Records from a data source
=====

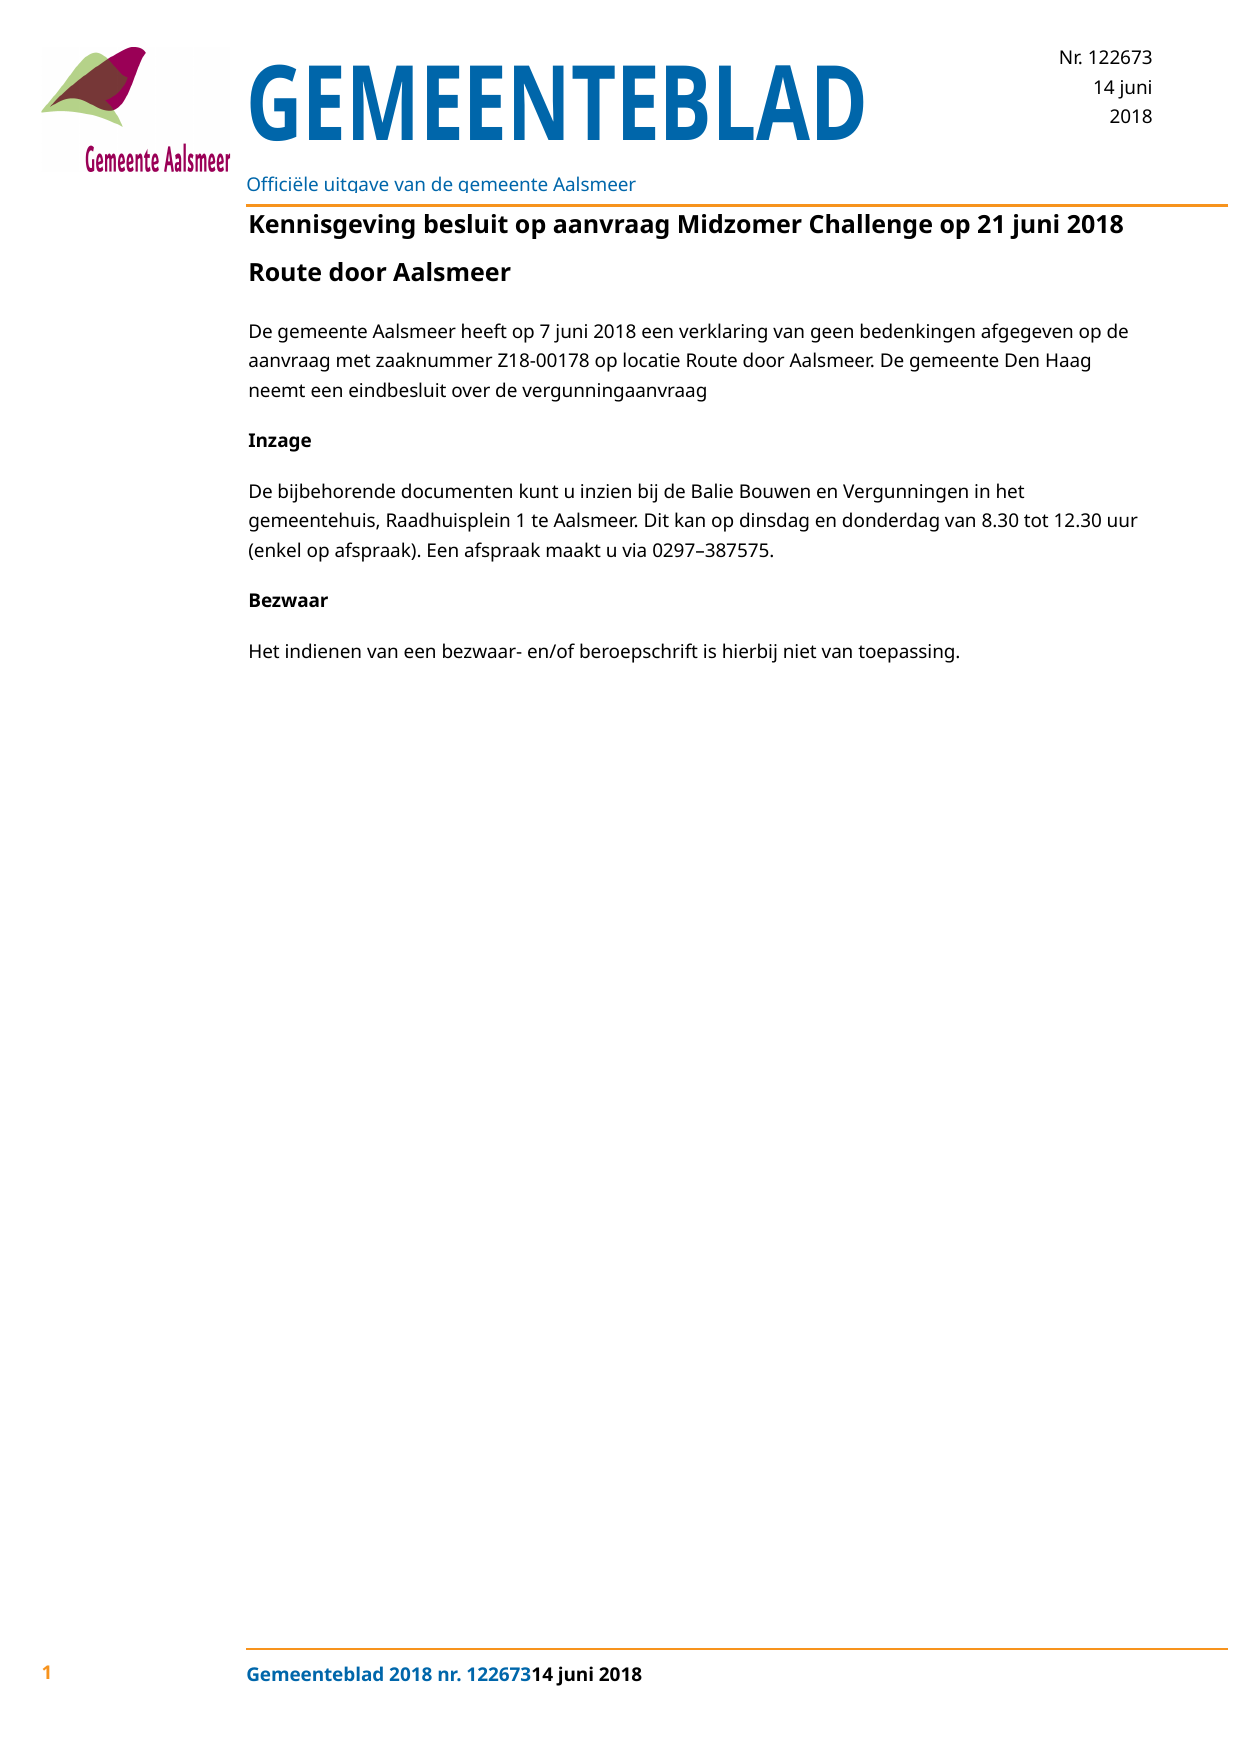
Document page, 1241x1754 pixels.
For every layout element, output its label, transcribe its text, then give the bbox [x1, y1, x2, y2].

text De bijbehorende documenten kunt u inzien bij de Balie Bouwen en Vergunningen in het gemeentehuis, Raadhuisplein 1 te Aalsmeer. Dit kan op dinsdag en donderdag van 8.30 tot 12.30 uur (enkel op afspraak). Een afspraak maakt u via 0297–387575. [248, 478, 1152, 563]
text Het indienen van een bezwaar- en/of beroepschrift is hierbij niet van toepassing. [248, 638, 1152, 664]
text Kennisgeving besluit op aanvraag Midzomer Challenge op 21 juni 2018 Route door Aalsmeer [248, 207, 1152, 288]
picture [41, 47, 231, 172]
text De gemeente Aalsmeer heeft op 7 juni 2018 een verklaring van geen bedenkingen afgegeven op de aanvraag met zaaknummer Z18-00178 op locatie Route door Aalsmeer. De gemeente Den Haag neemt een eindbesluit over de vergunningaanvraag [248, 318, 1152, 403]
text Inzage [248, 427, 1152, 453]
text Bezwaar [248, 587, 1152, 613]
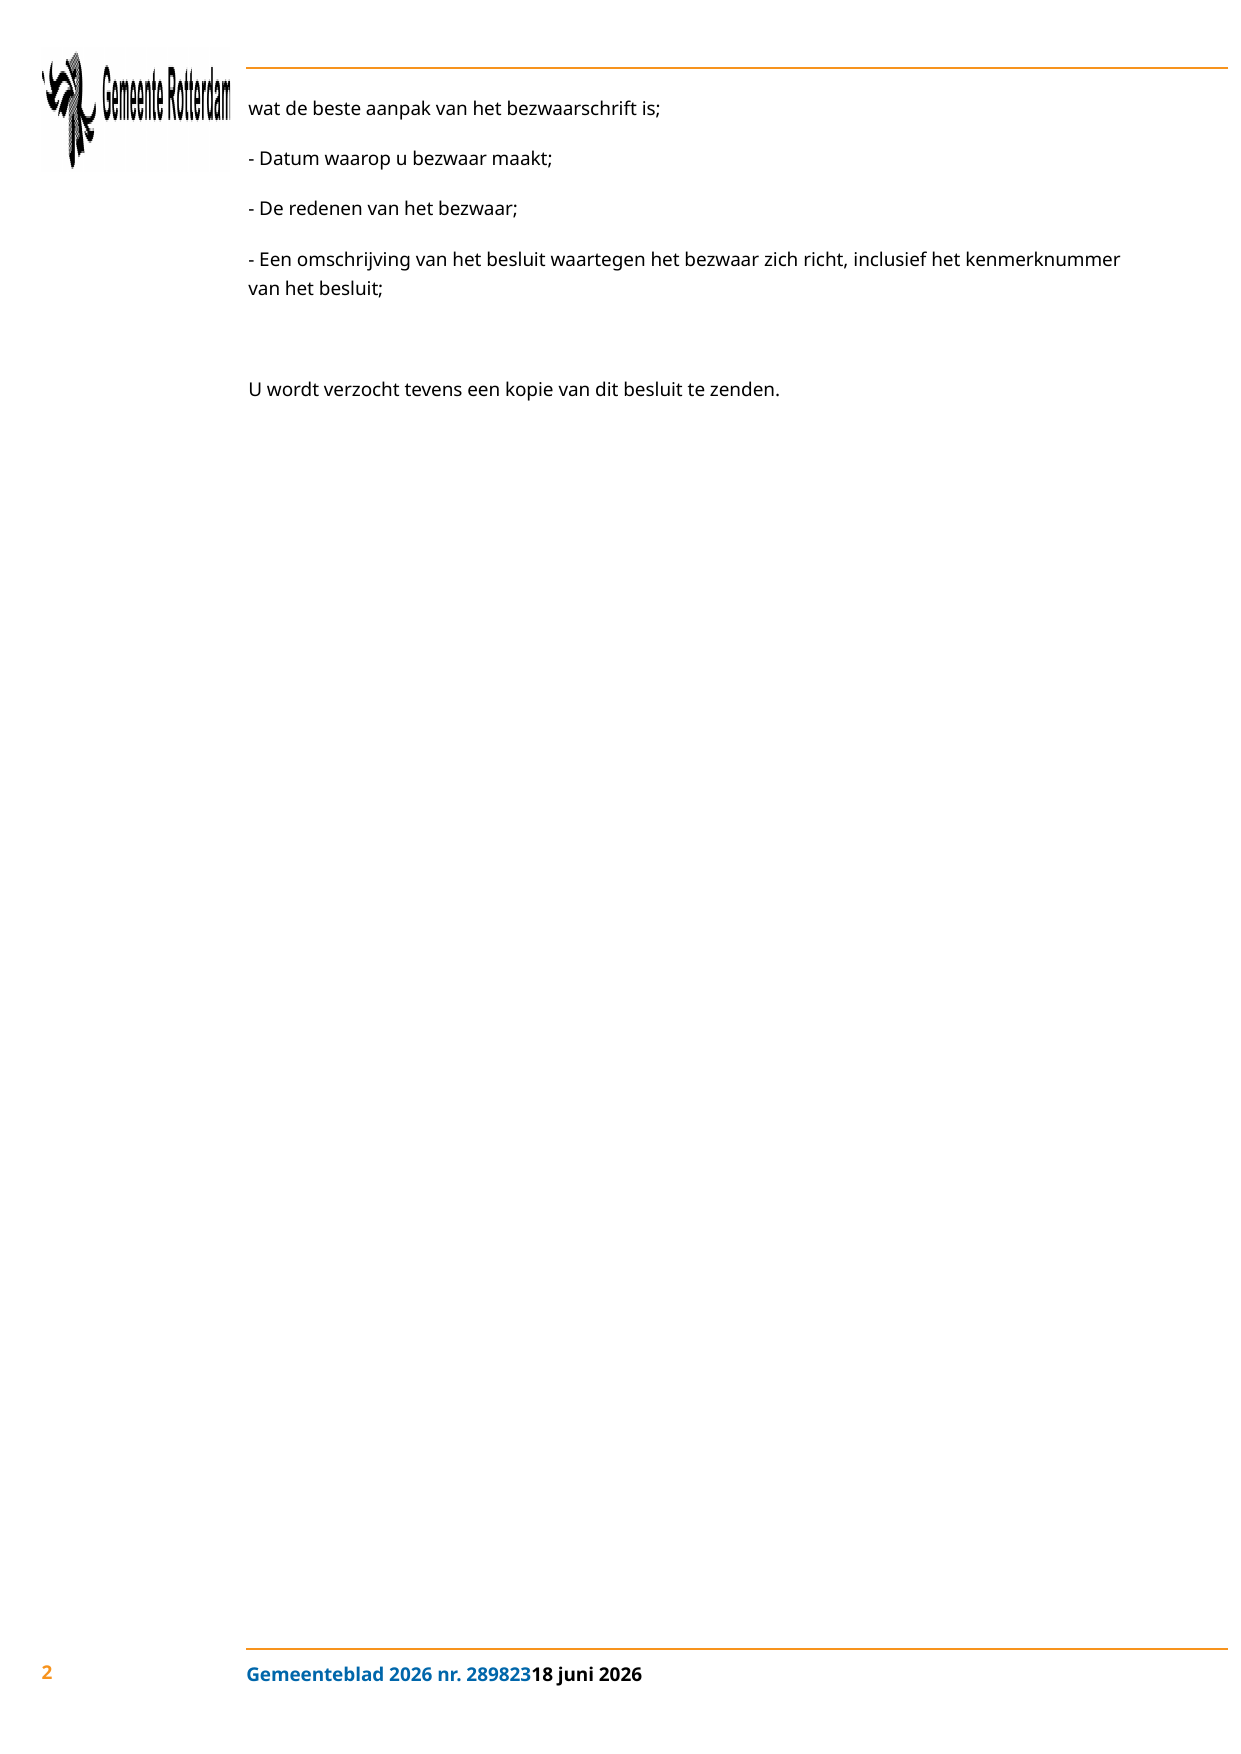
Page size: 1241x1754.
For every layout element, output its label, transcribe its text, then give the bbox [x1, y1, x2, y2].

text U wordt verzocht tevens een kopie van dit besluit te zenden. [248, 376, 1152, 402]
text wat de beste aanpak van het bezwaarschrift is; [248, 95, 1152, 121]
text - De redenen van het bezwaar; [248, 196, 1152, 221]
picture [41, 47, 231, 172]
text - Een omschrijving van het besluit waartegen het bezwaar zich richt, inclusief het kenmerknummer van het besluit; [248, 246, 1152, 301]
text - Datum waarop u bezwaar maakt; [248, 145, 1152, 171]
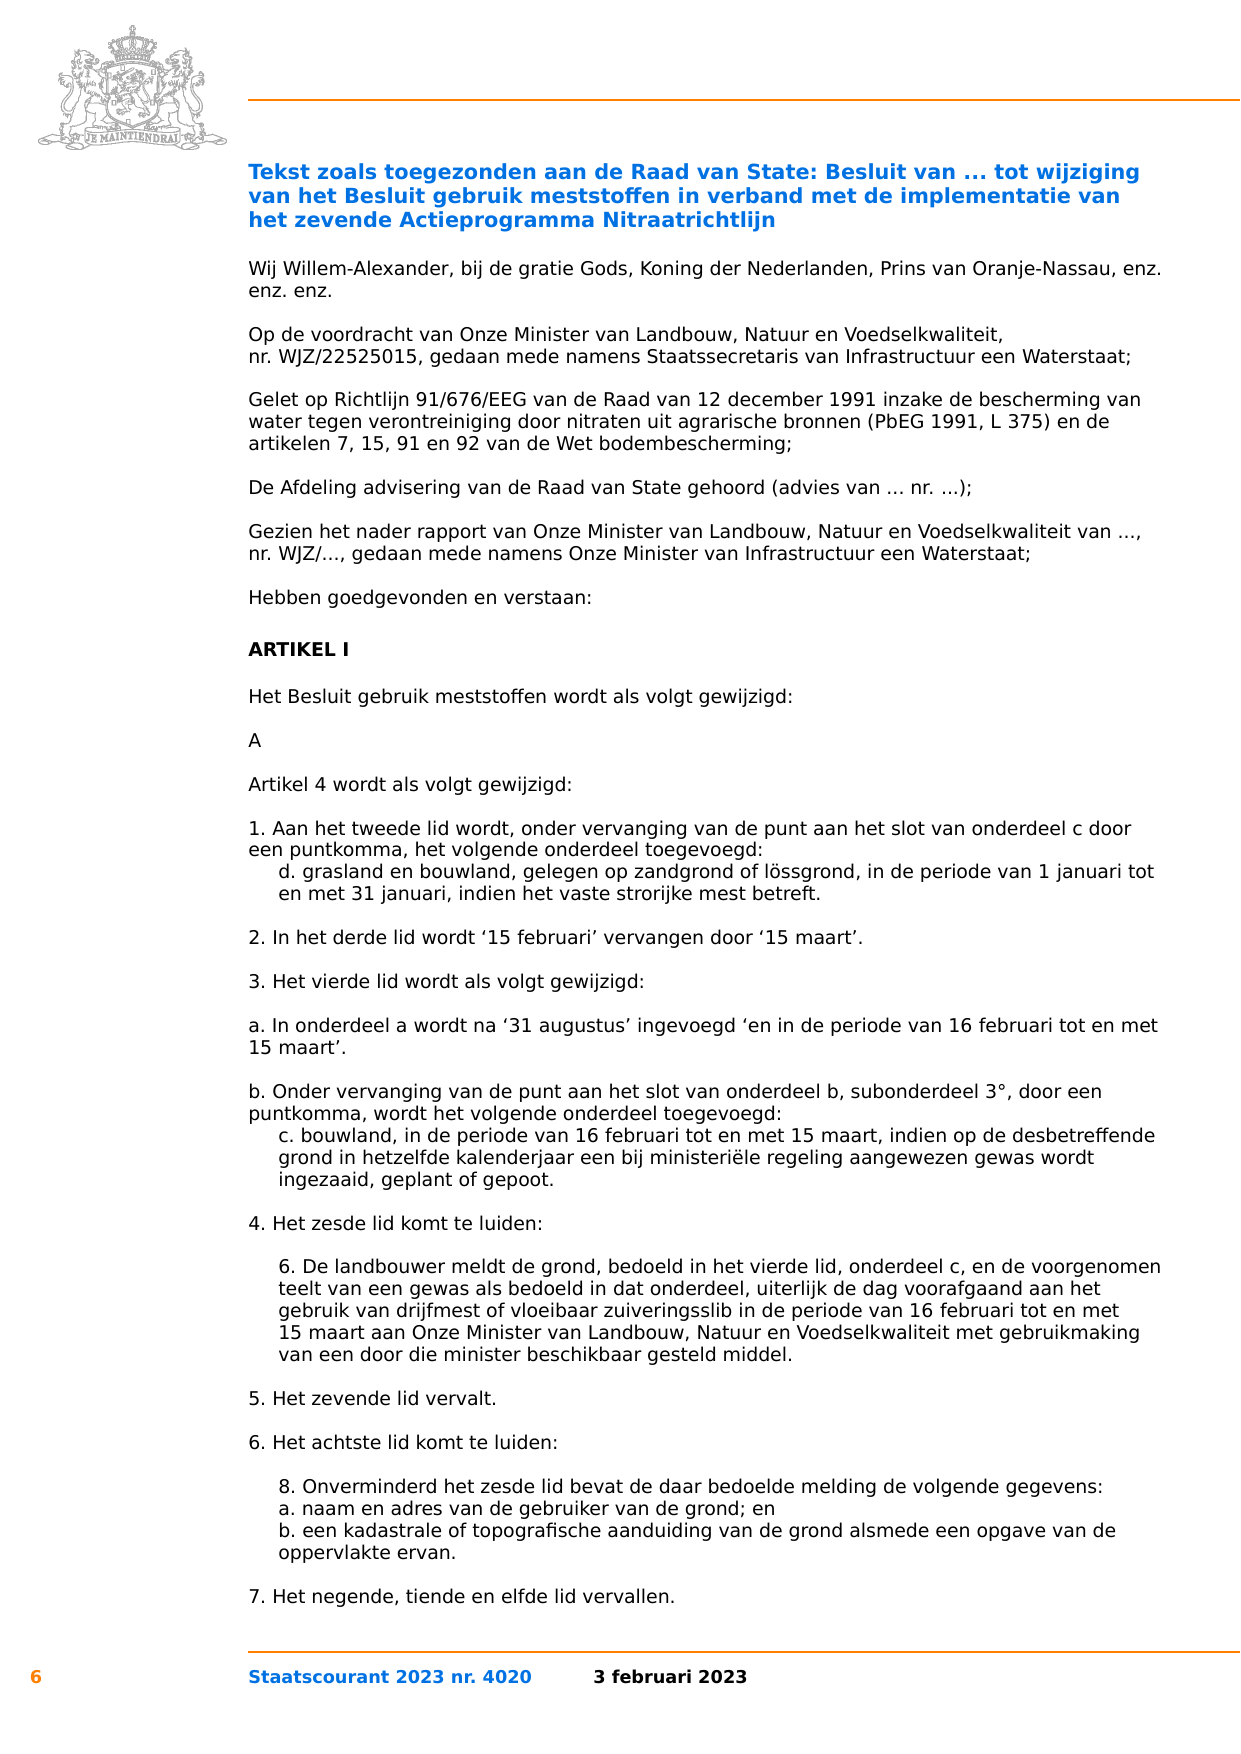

=====

Problem description >>
With the pictures removed, copy the data above word for word.

Final answer >>
Document page, 1241x1754 pixels.
For every layout element, output its label, transcribe its text, then give the bbox [x1, y1, x2, y2].

text De bijbehorende documenten kunt u inzien bij de Balie Bouwen en Vergunningen in het gemeentehuis, Raadhuisplein 1 te Aalsmeer. Dit kan op dinsdag en donderdag van 8.30 tot 12.30 uur (enkel op afspraak). Een afspraak maakt u via 0297–387575. [248, 478, 1152, 563]
text Het indienen van een bezwaar- en/of beroepschrift is hierbij niet van toepassing. [248, 638, 1152, 664]
text Kennisgeving besluit op aanvraag Midzomer Challenge op 21 juni 2018 Route door Aalsmeer [248, 207, 1152, 288]
picture [41, 47, 231, 172]
text De gemeente Aalsmeer heeft op 7 juni 2018 een verklaring van geen bedenkingen afgegeven op de aanvraag met zaaknummer Z18-00178 op locatie Route door Aalsmeer. De gemeente Den Haag neemt een eindbesluit over de vergunningaanvraag [248, 318, 1152, 403]
text Inzage [248, 427, 1152, 453]
text Bezwaar [248, 587, 1152, 613]
Page size: 1241x1754.
For every layout element, output its label, transcribe its text, then give the bbox [x1, y1, x2, y2].

text U wordt verzocht tevens een kopie van dit besluit te zenden. [248, 376, 1152, 402]
text wat de beste aanpak van het bezwaarschrift is; [248, 95, 1152, 121]
text - De redenen van het bezwaar; [248, 196, 1152, 221]
picture [41, 47, 231, 172]
text - Een omschrijving van het besluit waartegen het bezwaar zich richt, inclusief het kenmerknummer van het besluit; [248, 246, 1152, 301]
text - Datum waarop u bezwaar maakt; [248, 145, 1152, 171]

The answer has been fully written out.